Researchers have identified two genes that contribute to a disease called glomerulonephritis, or acute kidney inflammation.
Their study, “GWAS for serum galactose-deficient IgA1 implicates critical genes of the O-glycosylation pathway”, appeared in the journal PLOS Genetics.
IgA nephropathy is an autoimmune kidney disease that is the most common cause of glomerulonephritis. Research has shown that abnormal O-glycosylation in IgA1 — a subtype of the antibody IgA which comprises about 85 percent of total IgA concentration in serum —is a factor in the disease. When a sugar molecule (galactose) fails to attach itself to an oxygen atom in a protein, this creates an abnormal IgA1 hat triggers an autoimmune response, ultimately damaging the kidneys’ filtering structures.
Previous work from the same research team at New York’s Columbia University and the University of Alabama-Birmingham (UAB) School of Medicine showed that up to two-thirds of IgA nephropathy patients have high IgA1 levels. In addition, elevated serum galactose-deficient IgA1 levels show high heritability; galactose-deficient-IgA1 was also shown to be a risk factor preceding the development of IgA nephropathy.
“Very little is known about the causes of IgA nephropathy, genetic or otherwise, so our discovery represents an important step toward developing better therapies for this disease,” Krzysztof Kiryluk, MD, the study’s lead author and an assistant professor of medicine at Columbia University Medical Center, said in a press release.
Using a high-throughput blood test, the research team performed a genome-wide association study of 2,633 subjects of European and East Asian ancestry for defective O-glycosylation of serum IgA1.
Researchers showed that serum levels of galactose-deficient IgA1 remain stable over four years, which means that environmental factors have little effect on O-glycosylation of IgA1. Furthermore, IgA1 levels were higher in patients with IgA nephropathy compared to controls. In addition, serum galactose-deficient IgA levels were positively correlated with age and total IgA levels.
The scientists also discovered that naturally occurring DNA changes in two genes – C1GALT1 and C1GALT1C1 – were significantly associated with levels of galactose-deficient IgA1.
The two genes encode key proteins in O-glycosylation of IgA1 molecules. The C1GALT1 gene encodes the enzyme responsible for the addition of galactose to O-glycans, whereas C1GALT1C1 encodes a protein that acts as a chaperone for the enzyme during its synthesis.

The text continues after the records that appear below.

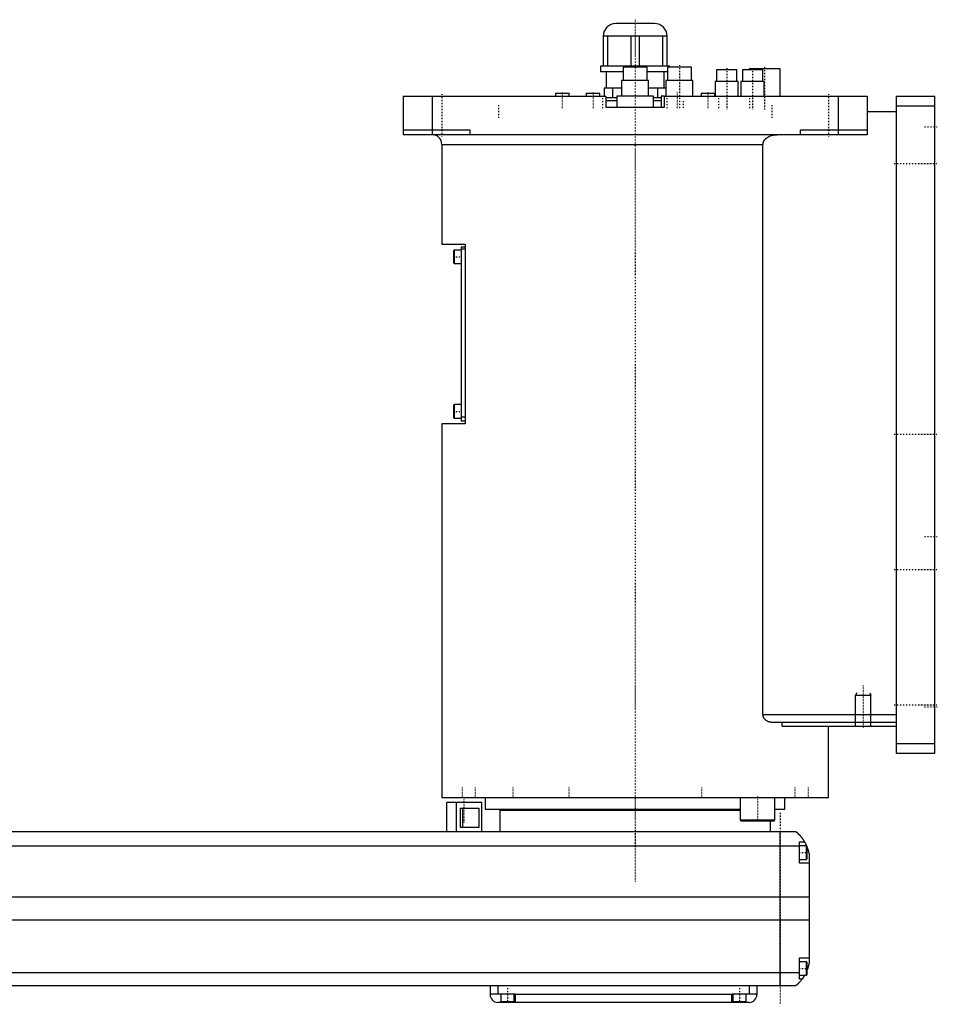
# Model space of a CAD drawing. Extents: x -906 to 156, y -123 to 443.
# Tile 3 of 3: x -318 to 156, y -82 to 428. Entities that reach past the tile are written whole.
import ezdxf

# ---------------------------------------------------------------- set-up
doc = ezdxf.new("R2010")
doc.units = 0
doc.linetypes.add('CENTER', pattern=[1.5, 0.45, -0.5, 0.05, -0.5])
for name, color, linetype in [('AM_0', 7, 'CONTINUOUS'), ('AM_10', 7, 'CONTINUOUS'), ('AM_7', 7, 'CENTER')]:
    doc.layers.add(name, color=color, linetype=linetype)

msp = doc.modelspace()

# ---------------------------------------------------------------- linework, layer by layer
at = {"layer": 'AM_0', "color": 7, "linetype": 'CONTINUOUS'}
for p, q in [((10, 425.5), (-10, 425.5)), ((16.5, 419), (-16.5, 419)), ((-16.5, 419), (-16.5, 403.5)), ((-14.2, 403.5), (-14.2, 419)), ((-2.3, 419), (-2.3, 403.5)), ((2.3, 403.5), (2.3, 419)), ((14.2, 419), (14.2, 403.5)), ((16.5, 403.5), (16.5, 419)), ((-18, 403.5), (-18, 400.5)), ((18, 403.5), (-18, 403.5)), ((-6.25, 403), (-6.25, 396)), ((6.25, 403), (-6.25, 403)), ((6.25, 396), (6.25, 403)), ((16.67, 403), (16.67, 396)), ((29.17, 403), (16.67, 403)), ((18, 403), (18, 403.5)), ((29.17, 396), (29.17, 403)), ((-6.26, 400.5), (-18, 400.5)), ((-15, 400.5), (-15, 392)), ((16.67, 400.5), (6.26, 400.5)), ((15, 392), (15, 400.5)), ((42.13, 401.5), (42.13, 395.5)), ((52.63, 401.5), (42.13, 401.5)), ((52.63, 395.5), (52.63, 401.5)), ((55.47, 401.5), (55.47, 395.5)), ((65.97, 401.5), (55.47, 401.5)), ((59, 402), (59, 401.5)), ((75, 402), (59, 402)), ((65.97, 395.5), (65.97, 401.5)), ((75, 388), (75, 402)), ((-7, 396), (-7, 388)), ((7, 396), (-7, 396)), ((7, 388), (7, 396)), ((15.92, 396), (15.92, 388)), ((29.92, 396), (15.92, 396)), ((29.92, 388), (29.92, 396)), ((41.38, 395.5), (41.38, 388)), ((53.38, 395.5), (41.38, 395.5)), ((53.38, 388), (53.38, 395.5)), ((54.72, 395.5), (54.72, 388)), ((66.72, 395.5), (54.72, 395.5)), ((66.72, 388), (66.72, 395.5)), ((-120, 388), (-120, 368)), ((-120, 388), (-15, 388)), ((-105, 388), (-105, 368)), ((-41.17, 389.5), (-41.17, 388)), ((-41.17, 389.5), (-34.17, 389.5)), ((-34.17, 388), (-34.17, 389.5)), ((-25.25, 389.5), (-25.25, 388)), ((-25.25, 389.5), (-18.25, 389.5)), ((-18.25, 388), (-18.25, 389.5)), ((-7, 392), (-16, 392)), ((-16, 392), (-16, 388)), ((-15, 382), (-15, 388)), ((-11.49, 387), (-11.49, 392)), ((-9.5, 388), (-9.5, 382)), ((9.5, 388), (-9.5, 388)), ((15.93, 392), (7, 392)), ((9.5, 382), (9.5, 388)), ((11.49, 392), (11.49, 387)), ((13.42, 388), (13.42, 382)), ((15, 388), (13.42, 388)), ((15, 388), (120, 388)), ((15, 388), (15, 382)), ((34.17, 389.5), (34.17, 388)), ((34.17, 389.5), (41.17, 389.5)), ((41.17, 388), (41.17, 389.5)), ((105, 388), (105, 368)), ((120, 388), (120, 368)), ((135, 388), (155, 388)), ((135, 388), (135, 48)), ((155, 48), (155, 388)), ((-9.51, 387), (-15.02, 387)), ((-9.5, 385.5), (-15.02, 385.5)), ((13.42, 385.5), (9.5, 385.5)), ((13.43, 387), (9.51, 387)), ((135, 383), (155, 383)), ((15, 382), (-15, 382)), ((120, 380), (135, 380)), ((-120, 370.5), (-85.5, 370.5)), ((120, 368), (-120, 368)), ((-85.5, 370.5), (-85.5, 368)), ((85.5, 368), (85.5, 370.5)), ((85.5, 370.5), (120, 370.5)), ((-100, 363), (-100, 311.3)), ((-100, 363), (66.14, 363)), ((66.14, 68), (66.14, 363)), ((-100, 311.3), (-88, 311.3)), ((-88, 311.3), (-88, 218.3)), ((-93.6, 308.3), (-94, 307.9)), ((-94, 307.9), (-94, 301.7)), ((-90, 308.3), (-93.6, 308.3)), ((-93.6, 308.3), (-93.6, 301.3)), ((-90, 309.8), (-90, 219.8)), ((-88, 309.8), (-90, 309.8)), ((-88, 308.8), (-90, 308.8)), ((-94, 301.7), (-93.6, 301.3)), ((-93.6, 301.3), (-90, 301.3)), ((-93.6, 228.3), (-94, 227.9)), ((-94, 227.9), (-94, 221.7)), ((-90, 228.3), (-93.6, 228.3)), ((-93.6, 228.3), (-93.6, 221.3)), ((-94, 221.7), (-93.6, 221.3)), ((-93.6, 221.3), (-90, 221.3)), ((-88, 221.8), (-90, 221.8)), ((-88, 219.8), (-90, 219.8)), ((-100, 218.3), (-100, 25)), ((-88, 218.3), (-100, 218.3)), ((66.14, 68), (135, 68)), ((70.42, 64), (135, 64)), ((75.99, 62), (75.99, 64)), ((75.99, 62), (135, 62)), ((100, 25), (100, 62)), ((135, 53), (155, 53)), ((135, 48), (155, 48)), ((-100, 25), (100, 25)), ((-97.35, 7.5), (-97.35, 22.5)), ((-79.35, 22.5), (-97.35, 22.5)), ((-92.35, 7.5), (-92.35, 22.5)), ((-88.79, 25.01), (-88.79, 25)), ((-79.35, 7.5), (-79.35, 22.5)), ((-77.5, 25), (-77.5, 19)), ((-40.35, 25), (-40.35, 25)), ((40.35, 25), (40.35, 25)), ((54.29, 25), (54.29, 13.4)), ((72.29, 13.4), (72.29, 25)), ((77.5, 19), (77.5, 25)), ((88.79, 25), (88.79, 25.01)), ((-90.27, 19.5), (-80.84, 19.5)), ((-90.27, 9.5), (-90.27, 19.5)), ((-89.16, 9.5), (-89.16, 19.5)), ((-80.84, 19.5), (-80.84, 9.5)), ((-77.5, 19), (54.29, 19)), ((-70, 18.5), (-70, 7.5)), ((-70, 18.5), (54.3, 18.5)), ((-55, 19), (-55, 18.5)), ((72.29, 19), (77.5, 19)), ((54.29, 13.4), (54.69, 13)), ((54.29, 13.4), (72.29, 13.4)), ((54.69, 13), (71.89, 13)), ((70, 7.5), (70, 13)), ((71.89, 13), (72.29, 13.4)), ((-517, 7.5), (83, 7.5)), ((-80.84, 9.5), (-90.27, 9.5)), ((75, -72.5), (75, 7.5)), ((85, -9), (85, 2)), ((85, 2), (87.65, 2)), ((88.6, 0), (85, 0)), ((89, -0.4), (88.6, 0)), ((88.6, -7), (88.6, 0)), ((85, -0.2), (-519, -0.2)), ((89, -6.6), (89, -0.4)), ((90, -4.5), (90, -60.5)), ((85, -7), (88.6, -7)), ((90, -9), (85, -9)), ((88.6, -7), (89, -6.6)), ((90, -26.54), (-524, -26.54)), ((90, -38.4), (-524, -38.4)), ((85, -69), (85, -58)), ((85, -58), (90, -58)), ((88.6, -60), (85, -60)), ((89, -60.4), (88.6, -60)), ((88.6, -67), (88.6, -60)), ((89, -66.6), (89, -60.4)), ((85, -65.78), (-519, -65.78)), ((85, -67), (88.6, -67)), ((86.34, -69), (85, -69)), ((88.6, -67), (89, -66.6)), ((83, -72.5), (-517, -72.5)), ((-75, -72.5), (-75, -77)), ((-71, -72.5), (-71, -76.5)), ((59, -72.5), (59, -76.5)), ((63, -72.5), (63, -77)), ((-75, -76.5), (-62, -76.5)), ((59, -81), (-71, -81)), ((-69.5, -76.5), (-69.5, -80.5)), ((-69.5, -80.5), (-62.5, -80.5)), ((-66, -81), (-66, -80.5)), ((-62.5, -80.5), (-62.5, -76.5)), ((-62, -76.5), (-62, -81)), ((50, -77), (-62, -77)), ((50, -76.5), (63, -76.5)), ((50, -81), (50, -76.5)), ((50.5, -76.5), (50.5, -80.5)), ((50.5, -80.5), (57.5, -80.5)), ((54, -81), (54, -80.5)), ((57.5, -80.5), (57.5, -76.5))]:
    msp.add_line(p, q, dxfattribs=at)
for points in [[(66.14, 363, 0), (66.14, 363.04, 0), (66.15, 363.13, 0), (66.15, 363.22, 0), (66.15, 363.26, 0), (66.16, 363.31, 0), (66.17, 363.4, 0), (66.18, 363.49, 0), (66.19, 363.58, 0), (66.21, 363.67, 0), (66.23, 363.76, 0), (66.24, 363.8, 0), (66.25, 363.85, 0), (66.28, 363.94, 0), (66.3, 364.02, 0), (66.33, 364.11, 0), (66.36, 364.2, 0), (66.4, 364.28, 0), (66.41, 364.32, 0), (66.43, 364.37, 0), (66.47, 364.45, 0), (66.5, 364.53, 0), (66.52, 364.57, 0), (66.54, 364.6, 0), (66.58, 364.68, 0), (66.62, 364.76, 0), (66.65, 364.79, 0), (66.67, 364.83, 0), (66.71, 364.91, 0), (66.76, 364.98, 0), (66.81, 365.06, 0), (66.86, 365.13, 0), (66.92, 365.21, 0), (66.94, 365.24, 0), (66.97, 365.28, 0), (67.03, 365.35, 0), (67.09, 365.42, 0), (67.15, 365.49, 0), (67.21, 365.56, 0), (67.27, 365.63, 0), (67.3, 365.67, 0), (67.33, 365.7, 0), (67.4, 365.77, 0), (67.46, 365.83, 0), (67.53, 365.89, 0), (67.6, 365.96, 0), (67.66, 366.02, 0), (67.7, 366.05, 0), (67.73, 366.08, 0), (67.8, 366.13, 0), (67.87, 366.19, 0), (67.93, 366.24, 0), (68, 366.29, 0), (68.07, 366.35, 0), (68.11, 366.37, 0), (68.14, 366.4, 0), (68.21, 366.45, 0), (68.29, 366.5, 0), (68.36, 366.55, 0), (68.44, 366.6, 0), (68.51, 366.65, 0), (68.55, 366.67, 0), (68.59, 366.7, 0), (68.67, 366.74, 0), (68.75, 366.79, 0), (68.79, 366.81, 0), (68.83, 366.84, 0), (68.91, 366.88, 0), (68.99, 366.93, 0), (69.03, 366.95, 0), (69.07, 366.97, 0), (69.16, 367.01, 0), (69.24, 367.05, 0), (69.53, 367.19, 0), (70.04, 367.4, 0), (70.53, 367.56, 0), (71.05, 367.7, 0), (71.59, 367.82, 0), (71.86, 367.87, 0), (72.14, 367.91, 0), (72.69, 367.97, 0), (73.23, 368, 0), (73.48, 368, 0)], [(70.42, 64, 0), (70.27, 64, 0), (69.97, 64.02, 0), (69.66, 64.07, 0), (69.5, 64.1, 0), (69.34, 64.14, 0), (69.03, 64.24, 0), (68.72, 64.36, 0), (68.41, 64.5, 0), (68.12, 64.67, 0), (67.83, 64.86, 0), (67.69, 64.97, 0), (67.67, 64.99, 0), (67.62, 65.02, 0), (67.58, 65.06, 0), (67.55, 65.08, 0), (67.53, 65.1, 0), (67.49, 65.14, 0), (67.45, 65.17, 0), (67.4, 65.21, 0), (67.36, 65.25, 0), (67.32, 65.3, 0), (67.3, 65.32, 0), (67.28, 65.34, 0), (67.24, 65.38, 0), (67.2, 65.42, 0), (67.16, 65.47, 0), (67.12, 65.51, 0), (67.08, 65.56, 0), (67.06, 65.58, 0), (67.04, 65.6, 0), (67, 65.65, 0), (66.96, 65.7, 0), (66.92, 65.75, 0), (66.88, 65.8, 0), (66.84, 65.86, 0), (66.83, 65.88, 0), (66.81, 65.91, 0), (66.77, 65.96, 0), (66.74, 66.02, 0), (66.7, 66.07, 0), (66.67, 66.13, 0), (66.63, 66.19, 0), (66.62, 66.22, 0), (66.6, 66.25, 0), (66.57, 66.31, 0), (66.54, 66.37, 0), (66.51, 66.43, 0), (66.48, 66.49, 0), (66.45, 66.55, 0), (66.44, 66.58, 0), (66.42, 66.61, 0), (66.4, 66.68, 0), (66.37, 66.74, 0), (66.36, 66.77, 0), (66.35, 66.81, 0), (66.33, 66.87, 0), (66.31, 66.94, 0), (66.3, 66.97, 0), (66.29, 67, 0), (66.27, 67.07, 0), (66.25, 67.14, 0), (66.23, 67.21, 0), (66.22, 67.27, 0), (66.21, 67.34, 0), (66.2, 67.38, 0), (66.19, 67.41, 0), (66.18, 67.48, 0), (66.17, 67.55, 0), (66.16, 67.62, 0), (66.16, 67.69, 0), (66.15, 67.76, 0), (66.15, 67.79, 0), (66.15, 67.83, 0), (66.15, 67.9, 0), (66.14, 67.97, 0), (66.14, 68, 0)], [(83, 7.5, 0), (83, 7.5, 0), (83, 7.5, 0), (83, 7.5, 0), (83.01, 7.5, 0), (83.01, 7.49, 0), (83.01, 7.49, 0), (83.02, 7.49, 0), (83.02, 7.48, 0), (83.03, 7.47, 0), (83.04, 7.47, 0), (83.05, 7.46, 0), (83.05, 7.46, 0), (83.06, 7.45, 0), (83.08, 7.44, 0), (83.09, 7.42, 0), (83.11, 7.41, 0), (83.12, 7.4, 0), (83.13, 7.39, 0), (83.14, 7.38, 0), (83.16, 7.37, 0), (83.18, 7.35, 0), (83.19, 7.34, 0), (83.2, 7.33, 0), (83.23, 7.31, 0), (83.25, 7.29, 0), (83.27, 7.28, 0), (83.28, 7.27, 0), (83.3, 7.24, 0), (83.33, 7.22, 0), (83.36, 7.2, 0), (83.39, 7.17, 0), (83.42, 7.14, 0), (83.44, 7.13, 0), (83.46, 7.11, 0), (83.49, 7.08, 0), (83.52, 7.05, 0), (83.56, 7.02, 0), (83.6, 6.99, 0), (83.63, 6.96, 0), (83.65, 6.94, 0), (83.67, 6.92, 0), (83.71, 6.89, 0), (83.75, 6.85, 0), (83.79, 6.81, 0), (83.83, 6.77, 0), (83.88, 6.74, 0), (83.9, 6.72, 0), (83.92, 6.69, 0), (83.96, 6.65, 0), (84.01, 6.61, 0), (84.06, 6.57, 0), (84.1, 6.52, 0), (84.15, 6.48, 0), (84.17, 6.46, 0), (84.2, 6.43, 0), (84.25, 6.39, 0), (84.29, 6.34, 0), (84.34, 6.29, 0), (84.39, 6.24, 0), (84.44, 6.19, 0), (84.47, 6.17, 0), (84.49, 6.14, 0), (84.54, 6.09, 0), (84.6, 6.04, 0), (84.62, 6.01, 0), (84.65, 5.98, 0), (84.7, 5.93, 0), (84.75, 5.87, 0), (84.78, 5.85, 0), (84.81, 5.82, 0), (84.86, 5.76, 0), (84.91, 5.71, 0), (84.97, 5.65, 0), (85.02, 5.59, 0), (85.07, 5.53, 0), (85.1, 5.5, 0), (85.13, 5.47, 0), (85.18, 5.41, 0), (85.24, 5.35, 0), (85.29, 5.28, 0), (85.35, 5.22, 0), (85.41, 5.16, 0), (85.43, 5.12, 0), (85.46, 5.09, 0), (85.52, 5.02, 0), (85.58, 4.96, 0), (85.63, 4.89, 0), (85.69, 4.82, 0), (85.75, 4.75, 0), (85.78, 4.72, 0), (85.81, 4.68, 0), (85.86, 4.61, 0), (85.92, 4.54, 0), (85.98, 4.46, 0), (86.04, 4.39, 0), (86.1, 4.32, 0), (86.13, 4.28, 0), (86.15, 4.24, 0), (86.21, 4.16, 0), (86.27, 4.09, 0), (86.33, 4.01, 0), (86.39, 3.93, 0), (86.45, 3.85, 0), (86.48, 3.81, 0), (86.51, 3.77, 0), (86.56, 3.69, 0), (86.62, 3.61, 0), (86.65, 3.57, 0), (86.68, 3.52, 0), (86.74, 3.44, 0), (86.8, 3.36, 0), (86.83, 3.32, 0), (86.85, 3.27, 0), (86.91, 3.19, 0), (86.97, 3.1, 0), (87.02, 3.02, 0), (87.08, 2.93, 0), (87.14, 2.84, 0), (87.16, 2.8, 0), (87.19, 2.76, 0), (87.25, 2.67, 0), (87.3, 2.58, 0), (87.49, 2.27, 0), (87.65, 2, 0)], [(87.65, 2, 0), (87.65, 2, 0), (87.66, 1.98, 0), (87.67, 1.96, 0), (87.68, 1.94, 0), (87.7, 1.91, 0), (87.73, 1.86, 0), (87.77, 1.79, 0), (87.82, 1.7, 0), (87.87, 1.6, 0), (87.93, 1.49, 0), (87.96, 1.43, 0), (88, 1.36, 0), (88.07, 1.23, 0), (88.14, 1.08, 0), (88.22, 0.92, 0), (88.31, 0.76, 0), (88.39, 0.58, 0), (88.43, 0.49, 0), (88.47, 0.4, 0), (88.56, 0.21, 0), (88.65, 0.01, 0), (88.69, -0.09, 0)], [(89, -0.86, 0), (89.03, -0.95, 0), (89.1, -1.14, 0), (89.17, -1.33, 0), (89.21, -1.43, 0), (89.24, -1.52, 0), (89.31, -1.72, 0), (89.37, -1.92, 0), (89.43, -2.13, 0), (89.49, -2.33, 0), (89.55, -2.54, 0), (89.58, -2.64, 0), (89.61, -2.74, 0), (89.66, -2.95, 0), (89.72, -3.15, 0), (89.77, -3.36, 0), (89.81, -3.56, 0), (89.86, -3.77, 0), (89.88, -3.87, 0), (89.9, -3.97, 0), (89.94, -4.18, 0), (89.98, -4.39, 0), (90, -4.5, 0)], [(90, -60.5, 0), (89.98, -60.59, 0), (89.95, -60.78, 0), (89.91, -60.97, 0), (89.89, -61.07, 0), (89.87, -61.17, 0), (89.83, -61.37, 0), (89.78, -61.57, 0), (89.73, -61.78, 0), (89.68, -61.99, 0), (89.63, -62.2, 0), (89.6, -62.3, 0), (89.57, -62.41, 0), (89.51, -62.61, 0), (89.45, -62.82, 0), (89.38, -63.03, 0), (89.32, -63.24, 0), (89.25, -63.44, 0), (89.22, -63.54, 0), (89.18, -63.64, 0), (89.11, -63.84, 0), (89.04, -64.04, 0), (89, -64.14, 0)], [(86.34, -69, 0), (86.2, -69.19, 0), (85.92, -69.55, 0), (85.64, -69.89, 0), (85.5, -70.05, 0), (85.36, -70.21, 0), (85.1, -70.51, 0), (84.84, -70.78, 0), (84.59, -71.04, 0), (84.45, -71.19, 0), (84.41, -71.23, 0), (84.37, -71.27, 0), (84.35, -71.29, 0), (84.33, -71.31, 0), (84.29, -71.34, 0), (84.25, -71.38, 0), (84.21, -71.42, 0), (84.17, -71.45, 0), (84.14, -71.49, 0), (84.12, -71.51, 0), (84.1, -71.53, 0), (84.06, -71.56, 0), (84.03, -71.6, 0), (84.01, -71.61, 0), (83.99, -71.63, 0), (83.96, -71.66, 0), (83.92, -71.69, 0), (83.9, -71.71, 0), (83.89, -71.73, 0), (83.85, -71.76, 0), (83.82, -71.79, 0), (83.79, -71.82, 0), (83.75, -71.85, 0), (83.72, -71.88, 0), (83.71, -71.89, 0), (83.69, -71.91, 0), (83.66, -71.93, 0), (83.63, -71.96, 0), (83.6, -71.99, 0), (83.57, -72.01, 0), (83.54, -72.04, 0), (83.53, -72.05, 0), (83.52, -72.06, 0), (83.49, -72.09, 0), (83.46, -72.11, 0), (83.44, -72.13, 0), (83.41, -72.15, 0), (83.39, -72.17, 0), (83.38, -72.18, 0), (83.37, -72.19, 0), (83.34, -72.21, 0), (83.32, -72.23, 0), (83.3, -72.25, 0), (83.28, -72.27, 0), (83.26, -72.28, 0), (83.25, -72.29, 0), (83.24, -72.3, 0), (83.22, -72.31, 0), (83.2, -72.33, 0), (83.19, -72.34, 0), (83.17, -72.36, 0), (83.16, -72.37, 0), (83.15, -72.38, 0), (83.14, -72.38, 0), (83.13, -72.39, 0), (83.11, -72.41, 0), (83.11, -72.41, 0), (83.1, -72.42, 0), (83.09, -72.43, 0), (83.08, -72.43, 0), (83.07, -72.44, 0), (83.07, -72.44, 0), (83.06, -72.45, 0), (83.05, -72.46, 0), (83.04, -72.46, 0), (83.04, -72.47, 0), (83.03, -72.48, 0), (83.03, -72.48, 0), (83.02, -72.48, 0), (83.02, -72.49, 0), (83.01, -72.49, 0), (83, -72.5, 0), (83, -72.5, 0)], [(87.65, -67, 0), (87.59, -67.1, 0), (87.48, -67.29, 0), (87.37, -67.47, 0), (87.32, -67.55, 0), (87.27, -67.64, 0), (87.16, -67.8, 0), (87.06, -67.96, 0), (86.96, -68.11, 0), (86.87, -68.25, 0), (86.78, -68.38, 0), (86.74, -68.44, 0), (86.7, -68.5, 0), (86.62, -68.61, 0), (86.55, -68.71, 0), (86.49, -68.79, 0), (86.44, -68.86, 0), (86.4, -68.92, 0), (86.38, -68.94, 0), (86.37, -68.96, 0), (86.35, -68.98, 0), (86.34, -69, 0), (86.34, -69, 0)]]:
    msp.add_polyline3d(points, dxfattribs=at)
for centre, radius, start, end in [((-10, 419), 6.5, 90, 180), ((10, 419), 6.5, 0, 90), ((-105, 363), 5, 0, 90), ((-71, -77), 4, 180, 270), ((59, -77), 4, 270, 0)]:
    msp.add_arc(centre, radius, start, end, dxfattribs=at)
at = {"layer": 'AM_10', "color": 7, "linetype": 'CONTINUOUS'}
for p, q in [((114.68, 79.17), (114, 78)), ((114, 62), (114, 78)), ((114, 78), (122, 78)), ((121.32, 79.17), (122, 78)), ((122, 62), (122, 78))]:
    msp.add_line(p, q, dxfattribs=at)
at = {"layer": 'AM_7', "color": 4, "linetype": 'CENTER'}
for p, q in [((0, 427.5), (0, -18.4)), ((22.92, 404.05), (22.92, 380.95)), ((67, 403), (67, 381)), ((47.38, 402.48), (47.38, 381.02)), ((60.72, 402.48), (60.72, 381.02)), ((-100, 389), (-100, 367)), ((-37.67, 389.88), (-37.67, 381.62)), ((-21.75, 389.88), (-21.75, 381.62)), ((-16.65, 381.75), (-16.65, 387.25)), ((16.65, 381.75), (16.65, 387.25)), ((21.75, 389.88), (21.75, 381.62)), ((37.67, 389.88), (37.67, 381.62)), ((43.29, 381.75), (43.29, 387.25)), ((59.36, 381.75), (59.36, 387.25)), ((100, 389), (100, 367)), ((-70.71, 383.3), (-70.71, 376.7)), ((25, 381.82), (25, 385.68)), ((70.71, 383.3), (70.71, 376.7)), ((149.7, 372), (156.3, 372)), ((134, 353), (156, 353)), ((-94.2, 304.8), (-89.8, 304.8)), ((-94.2, 224.8), (-89.8, 224.8)), ((134, 213), (156, 213)), ((149.7, 160), (156.3, 160)), ((134, 143), (156, 143)), ((118, 83), (118, 61)), ((134, 73), (156, 73)), ((149.7, 72), (156.3, 72)), ((-89.5, 30.25), (-89.5, 24.75)), ((-82.69, 30.25), (-82.69, 24.75)), ((-63.29, 30.25), (-63.29, 24.75)), ((-34.25, 30.25), (-34.25, 24.75)), ((34.25, 30.25), (34.25, 24.75)), ((63.29, 25.6), (63.29, 12.4)), ((82.69, 30.25), (82.69, 24.75)), ((89.5, 30.25), (89.5, 24.75)), ((-88.6, 24.05), (-88.6, 11.95)), ((75, 17), (75, -82)), ((0, 7.88), (0, -0.38)), ((84.8, -3.5), (89.2, -3.5)), ((84.8, -63.5), (89.2, -63.5)), ((-66, -72.1), (-66, -80.9)), ((54, -72.1), (54, -80.9))]:
    msp.add_line(p, q, dxfattribs=at)

doc.saveas('drawing.dxf')

Scientists confirmed the role of both genes during in vitro experiments of C1GALT1 and C1GALT1C1, as reduced levels of each of the two genes increased production of galactose-deficient IgA1 secreted by the cells.
Together, changes in these two genes explain about 7 percent of galactose-deficient variability on IgA1 in Europeans, and 2 percent in East Asians.
The results provide new genetic clues to understanding IgA nephropathy and have relevance for other diseases with similar underlying molecular defects, such as inflammatory bowel disease, certain types of blood diseases and cancer.
Roughly half the patients with IgA nephropathy have progressive disease and may develop kidney failure. Although medication can slow glomerulonephritis, there is currently no cure. The incidence rate for glomerulonephritis is believed to vary between 0.2 and 2.5 cases per 100,000 inhabitants per year.
The Columbia-UAB team is now performing a larger association study with 10,000 patients.